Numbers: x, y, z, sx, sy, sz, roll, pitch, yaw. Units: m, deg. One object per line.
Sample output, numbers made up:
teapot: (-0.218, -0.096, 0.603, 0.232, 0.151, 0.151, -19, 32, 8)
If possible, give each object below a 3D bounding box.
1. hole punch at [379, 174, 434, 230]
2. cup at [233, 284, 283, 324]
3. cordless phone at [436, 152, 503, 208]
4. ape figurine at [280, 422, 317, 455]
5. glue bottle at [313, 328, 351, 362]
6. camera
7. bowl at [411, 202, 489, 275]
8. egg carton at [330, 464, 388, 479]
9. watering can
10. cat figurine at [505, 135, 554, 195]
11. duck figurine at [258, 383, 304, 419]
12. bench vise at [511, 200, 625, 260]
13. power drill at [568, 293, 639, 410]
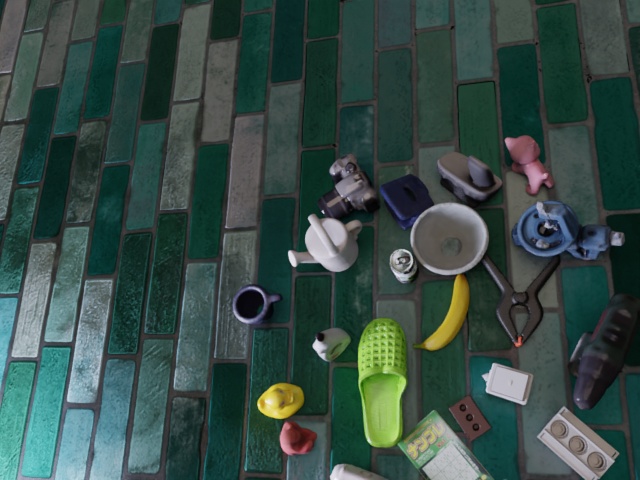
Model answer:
hole punch: (0.202, -0.098, 1.326, 0.101, 0.091, 0.108, -34, 67, 4)
cup: (-0.133, 0.153, 1.341, 0.117, 0.095, 0.091, -17, 69, 10)
cordless phone: (0.325, -0.160, 1.259, 0.147, 0.185, 0.094, 36, 86, 23)
ape figurine: (-0.057, 0.428, 1.233, 0.076, 0.092, 0.077, -33, 67, 4)
glue bottle: (0.017, 0.220, 1.233, 0.037, 0.173, 0.078, 40, 87, 23)
camera: (0.054, -0.118, 1.370, 0.137, 0.101, 0.143, -31, 67, 5)
bowl: (0.289, 0.005, 1.277, 0.167, 0.075, 0.167, -5, 72, 15)
egg carton: (0.086, 0.528, 1.172, 0.150, 0.069, 0.107, 12, 77, 19)
watering can: (0.013, 0.006, 1.291, 0.100, 0.194, 0.173, 37, 86, 23)
cat figurine: (0.463, -0.176, 1.261, 0.067, 0.118, 0.127, -31, 67, 5)
duck figurine: (-0.095, 0.356, 1.270, 0.104, 0.086, 0.077, -16, 69, 11)
bench vise: (0.497, -0.035, 1.150, 0.207, 0.220, 0.121, -9, 71, 14)
power drill: (0.524, 0.215, 1.069, 0.075, 0.209, 0.230, 25, 81, 22)
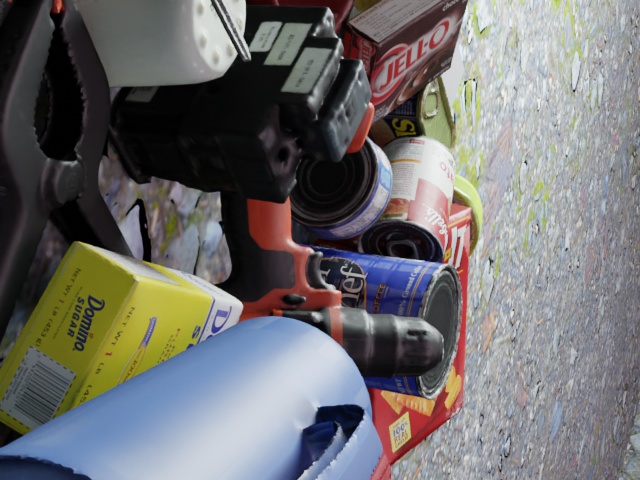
════
-- Task details --
Copy all of the listing word for word, minus the images.

-- Response --
Numbers: x, y, z, sx, sy, sz, roll, pitch, yaw. Units: m, deg. One object per line.
Sample output, numbers made up:
teapot: (-0.218, -0.096, 0.603, 0.232, 0.151, 0.151, -19, 32, 8)
If possible, give each object below a 3D bounding box.
1. hole punch at [379, 174, 434, 230]
2. cup at [233, 284, 283, 324]
3. cordless phone at [436, 152, 503, 208]
4. ape figurine at [280, 422, 317, 455]
5. glue bottle at [313, 328, 351, 362]
6. camera
7. bowl at [411, 202, 489, 275]
8. egg carton at [330, 464, 388, 479]
9. watering can
10. cat figurine at [505, 135, 554, 195]
11. duck figurine at [258, 383, 304, 419]
12. bench vise at [511, 200, 625, 260]
13. power drill at [568, 293, 639, 410]
Model answer:
hole punch: (0.202, -0.098, 1.326, 0.101, 0.091, 0.108, -34, 67, 4)
cup: (-0.133, 0.153, 1.341, 0.117, 0.095, 0.091, -17, 69, 10)
cordless phone: (0.325, -0.160, 1.259, 0.147, 0.185, 0.094, 36, 86, 23)
ape figurine: (-0.057, 0.428, 1.233, 0.076, 0.092, 0.077, -33, 67, 4)
glue bottle: (0.017, 0.220, 1.233, 0.037, 0.173, 0.078, 40, 87, 23)
camera: (0.054, -0.118, 1.370, 0.137, 0.101, 0.143, -31, 67, 5)
bowl: (0.289, 0.005, 1.277, 0.167, 0.075, 0.167, -5, 72, 15)
egg carton: (0.086, 0.528, 1.172, 0.150, 0.069, 0.107, 12, 77, 19)
watering can: (0.013, 0.006, 1.291, 0.100, 0.194, 0.173, 37, 86, 23)
cat figurine: (0.463, -0.176, 1.261, 0.067, 0.118, 0.127, -31, 67, 5)
duck figurine: (-0.095, 0.356, 1.270, 0.104, 0.086, 0.077, -16, 69, 11)
bench vise: (0.497, -0.035, 1.150, 0.207, 0.220, 0.121, -9, 71, 14)
power drill: (0.524, 0.215, 1.069, 0.075, 0.209, 0.230, 25, 81, 22)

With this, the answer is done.